Published in final edited form as: Cancer Res. 2023 Feb 3;83(3):374–385. doi: 10.1158/0008-5472.CAN-22-1062

Fig. 4.

Fig. 4

Editing in cancer cells associated with immune suppression.

A. Hexagonal 2-dimensional histograms of mean editing level and mean normalized ISG expression in single cancer cells for multiple ISG signatures. Mean editing level was calculated using editing levels of all sites for each cell.

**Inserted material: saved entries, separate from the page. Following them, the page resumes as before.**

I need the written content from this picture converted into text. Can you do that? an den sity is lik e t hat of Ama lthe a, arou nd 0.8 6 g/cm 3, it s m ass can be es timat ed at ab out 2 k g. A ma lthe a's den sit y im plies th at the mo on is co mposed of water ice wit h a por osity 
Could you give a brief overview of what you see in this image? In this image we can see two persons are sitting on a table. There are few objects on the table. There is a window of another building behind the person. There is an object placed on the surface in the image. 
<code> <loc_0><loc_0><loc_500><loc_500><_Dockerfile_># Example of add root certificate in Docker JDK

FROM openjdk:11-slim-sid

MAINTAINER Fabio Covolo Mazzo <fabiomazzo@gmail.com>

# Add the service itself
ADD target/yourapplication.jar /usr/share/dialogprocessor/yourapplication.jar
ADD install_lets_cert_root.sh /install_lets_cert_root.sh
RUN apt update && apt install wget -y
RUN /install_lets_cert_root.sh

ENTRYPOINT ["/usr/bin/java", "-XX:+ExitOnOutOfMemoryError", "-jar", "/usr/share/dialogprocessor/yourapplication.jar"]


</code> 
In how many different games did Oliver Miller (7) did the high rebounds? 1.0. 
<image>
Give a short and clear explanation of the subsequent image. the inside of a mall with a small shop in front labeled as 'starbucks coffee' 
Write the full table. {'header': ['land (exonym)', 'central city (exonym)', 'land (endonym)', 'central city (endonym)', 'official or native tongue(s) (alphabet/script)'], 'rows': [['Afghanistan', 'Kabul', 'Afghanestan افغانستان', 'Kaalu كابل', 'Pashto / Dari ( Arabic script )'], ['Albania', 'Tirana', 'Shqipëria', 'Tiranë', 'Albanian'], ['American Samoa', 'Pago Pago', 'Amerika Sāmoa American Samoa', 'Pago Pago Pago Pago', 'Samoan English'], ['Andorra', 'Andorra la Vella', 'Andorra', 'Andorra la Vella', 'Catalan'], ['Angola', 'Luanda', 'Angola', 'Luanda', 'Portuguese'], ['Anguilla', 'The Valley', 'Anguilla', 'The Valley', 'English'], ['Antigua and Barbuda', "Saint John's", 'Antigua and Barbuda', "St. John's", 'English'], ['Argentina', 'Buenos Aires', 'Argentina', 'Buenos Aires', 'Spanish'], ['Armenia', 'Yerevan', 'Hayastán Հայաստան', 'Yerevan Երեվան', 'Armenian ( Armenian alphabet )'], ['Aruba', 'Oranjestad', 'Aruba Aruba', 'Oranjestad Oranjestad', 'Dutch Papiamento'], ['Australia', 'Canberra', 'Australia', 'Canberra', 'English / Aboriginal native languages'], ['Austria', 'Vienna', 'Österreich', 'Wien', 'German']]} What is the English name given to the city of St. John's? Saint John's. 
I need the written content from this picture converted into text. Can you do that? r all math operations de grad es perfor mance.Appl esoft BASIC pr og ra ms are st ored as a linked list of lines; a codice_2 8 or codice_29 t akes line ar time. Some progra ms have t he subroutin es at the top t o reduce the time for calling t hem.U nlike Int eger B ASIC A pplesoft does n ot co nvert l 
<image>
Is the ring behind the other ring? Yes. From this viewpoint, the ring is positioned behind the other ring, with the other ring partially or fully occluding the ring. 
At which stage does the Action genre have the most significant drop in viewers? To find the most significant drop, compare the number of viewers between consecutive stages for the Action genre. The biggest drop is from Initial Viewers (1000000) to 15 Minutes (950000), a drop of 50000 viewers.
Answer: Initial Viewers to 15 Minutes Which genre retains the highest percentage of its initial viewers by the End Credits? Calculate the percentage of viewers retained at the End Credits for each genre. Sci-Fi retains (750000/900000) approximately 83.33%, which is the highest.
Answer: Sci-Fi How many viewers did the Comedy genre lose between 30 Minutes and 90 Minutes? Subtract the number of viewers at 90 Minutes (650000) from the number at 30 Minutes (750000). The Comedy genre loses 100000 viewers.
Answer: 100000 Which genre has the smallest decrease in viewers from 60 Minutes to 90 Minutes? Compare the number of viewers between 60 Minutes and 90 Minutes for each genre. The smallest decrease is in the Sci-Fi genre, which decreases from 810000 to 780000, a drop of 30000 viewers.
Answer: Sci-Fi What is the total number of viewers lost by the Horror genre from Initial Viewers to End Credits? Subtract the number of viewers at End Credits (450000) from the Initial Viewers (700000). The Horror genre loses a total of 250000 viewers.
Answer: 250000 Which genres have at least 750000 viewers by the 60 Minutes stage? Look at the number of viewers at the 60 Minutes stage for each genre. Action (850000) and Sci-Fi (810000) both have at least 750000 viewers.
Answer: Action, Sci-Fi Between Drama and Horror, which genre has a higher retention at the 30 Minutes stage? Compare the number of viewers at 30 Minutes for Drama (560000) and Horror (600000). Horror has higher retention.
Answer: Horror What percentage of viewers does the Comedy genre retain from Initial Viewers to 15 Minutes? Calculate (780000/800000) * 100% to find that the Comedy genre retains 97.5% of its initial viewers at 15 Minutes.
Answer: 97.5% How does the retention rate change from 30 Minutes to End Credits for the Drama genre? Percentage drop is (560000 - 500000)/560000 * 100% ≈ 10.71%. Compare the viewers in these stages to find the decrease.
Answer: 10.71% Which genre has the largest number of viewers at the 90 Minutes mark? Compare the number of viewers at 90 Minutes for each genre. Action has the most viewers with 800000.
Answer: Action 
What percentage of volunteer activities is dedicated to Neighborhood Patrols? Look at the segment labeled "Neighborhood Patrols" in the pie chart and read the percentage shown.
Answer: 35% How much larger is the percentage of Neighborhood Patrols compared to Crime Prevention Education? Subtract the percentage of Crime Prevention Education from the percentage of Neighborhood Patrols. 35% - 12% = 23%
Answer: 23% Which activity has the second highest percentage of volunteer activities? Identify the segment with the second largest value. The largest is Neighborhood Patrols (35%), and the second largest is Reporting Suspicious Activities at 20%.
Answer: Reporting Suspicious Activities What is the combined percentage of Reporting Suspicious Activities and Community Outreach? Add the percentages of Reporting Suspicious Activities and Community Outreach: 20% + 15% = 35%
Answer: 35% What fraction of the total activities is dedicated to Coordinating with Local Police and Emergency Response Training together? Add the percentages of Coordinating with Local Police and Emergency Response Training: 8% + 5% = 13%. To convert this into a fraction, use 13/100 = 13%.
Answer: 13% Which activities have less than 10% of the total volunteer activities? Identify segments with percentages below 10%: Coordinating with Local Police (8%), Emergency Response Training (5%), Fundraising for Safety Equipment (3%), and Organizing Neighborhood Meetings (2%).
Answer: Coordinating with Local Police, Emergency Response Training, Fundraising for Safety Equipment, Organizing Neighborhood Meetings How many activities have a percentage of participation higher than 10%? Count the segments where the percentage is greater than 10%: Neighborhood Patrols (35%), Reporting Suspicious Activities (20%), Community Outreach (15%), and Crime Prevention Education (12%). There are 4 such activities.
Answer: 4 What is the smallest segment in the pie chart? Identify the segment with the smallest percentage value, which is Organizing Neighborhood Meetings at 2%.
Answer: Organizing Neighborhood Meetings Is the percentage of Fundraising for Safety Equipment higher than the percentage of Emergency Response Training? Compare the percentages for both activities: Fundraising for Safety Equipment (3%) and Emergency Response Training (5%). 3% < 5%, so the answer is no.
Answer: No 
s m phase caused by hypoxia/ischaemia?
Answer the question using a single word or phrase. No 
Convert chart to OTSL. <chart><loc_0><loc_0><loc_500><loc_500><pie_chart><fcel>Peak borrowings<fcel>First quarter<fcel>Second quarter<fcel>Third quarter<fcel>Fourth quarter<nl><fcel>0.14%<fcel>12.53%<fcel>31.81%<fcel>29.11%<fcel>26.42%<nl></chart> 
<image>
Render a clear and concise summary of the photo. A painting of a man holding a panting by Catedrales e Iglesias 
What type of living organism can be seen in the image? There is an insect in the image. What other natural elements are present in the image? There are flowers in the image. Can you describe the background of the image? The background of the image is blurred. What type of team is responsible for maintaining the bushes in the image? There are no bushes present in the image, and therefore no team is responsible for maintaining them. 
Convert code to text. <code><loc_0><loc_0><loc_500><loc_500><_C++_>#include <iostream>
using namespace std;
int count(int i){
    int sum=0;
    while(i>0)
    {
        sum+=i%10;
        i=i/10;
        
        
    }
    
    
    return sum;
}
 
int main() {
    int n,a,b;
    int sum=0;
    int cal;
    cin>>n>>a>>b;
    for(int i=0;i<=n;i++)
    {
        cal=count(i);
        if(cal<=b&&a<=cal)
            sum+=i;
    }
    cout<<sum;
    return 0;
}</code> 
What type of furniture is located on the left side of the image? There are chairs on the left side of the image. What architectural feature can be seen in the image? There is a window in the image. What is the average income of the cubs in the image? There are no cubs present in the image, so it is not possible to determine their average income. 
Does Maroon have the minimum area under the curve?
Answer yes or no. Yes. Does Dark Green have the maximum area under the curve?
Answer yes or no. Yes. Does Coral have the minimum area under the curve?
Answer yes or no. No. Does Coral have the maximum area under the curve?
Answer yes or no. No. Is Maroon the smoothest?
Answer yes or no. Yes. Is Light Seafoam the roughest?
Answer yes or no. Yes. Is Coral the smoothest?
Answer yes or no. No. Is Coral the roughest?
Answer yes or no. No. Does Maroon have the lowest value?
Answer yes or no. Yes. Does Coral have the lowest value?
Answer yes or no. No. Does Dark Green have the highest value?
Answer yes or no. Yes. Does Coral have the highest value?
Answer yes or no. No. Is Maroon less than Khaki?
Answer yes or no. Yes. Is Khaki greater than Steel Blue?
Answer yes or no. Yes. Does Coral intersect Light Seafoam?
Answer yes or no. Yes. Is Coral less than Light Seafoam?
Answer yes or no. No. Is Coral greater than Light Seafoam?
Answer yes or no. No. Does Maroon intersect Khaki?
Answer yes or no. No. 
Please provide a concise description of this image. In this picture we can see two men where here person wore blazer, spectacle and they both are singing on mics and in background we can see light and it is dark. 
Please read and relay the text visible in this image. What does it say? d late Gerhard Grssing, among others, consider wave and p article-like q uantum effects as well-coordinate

Red asterisk indicates a significant negative spearman correlation, with FDR-adjusted p-value < 0.05. B. Spearman correlations between mean editing levels and mean expression of multiple ISG signatures across single cancer cells, grouped by treatment time point. The number of cancer cells within each category is listed in the x-axis labels. The size of each circle indicates the magnitude of the Spearman correlation coefficient, and the color intensity corresponds to significance of the adjusted p-value. Blue: positive correlations, red: negative correlations. TN stands for treatment naïve, RD stands for residual disease, and PD stands for progression. C. Top: Bar plot showing Spearman correlations between cancer editing levels and infiltration of different immune cell types. For each tumor, single cancer cells were pooled, and overall cancer editing level was calculated as the mean editing level of all sites in the pooled cancer cells. Red bar: significant correlation with p < 0.05. Nonsignificant correlations are shown in white. For each cell type, in parentheses, lung signifies that only lung biopsies were included. In contrast, ”all” signifies all samples were included. Bottom: scatterplot of cancer editing and infiltration of Natural Killer cells, with Spearman correlation coefficient and p-value listed. D. Top: Bar plot of Spearman correlations between tumor-increased editing and estimated infiltration of different immune cell types in bulk TCGA LUAD tumors. Tumor-increased editing was calculated as the mean editing level over sites with significantly higher editing levels in tumors than in matched non-malignant samples. Colored bars indicate significance by FDR-adjusted p < 0.05, with positive correlations in blue and negative ones in red. Nonsignificant correlations are shown in white. Bottom: scatterplot of tumor-increased editing and quanTIseq-estimated proportion of Natural Killer cells with Spearman correlation coefficient and p-value shown.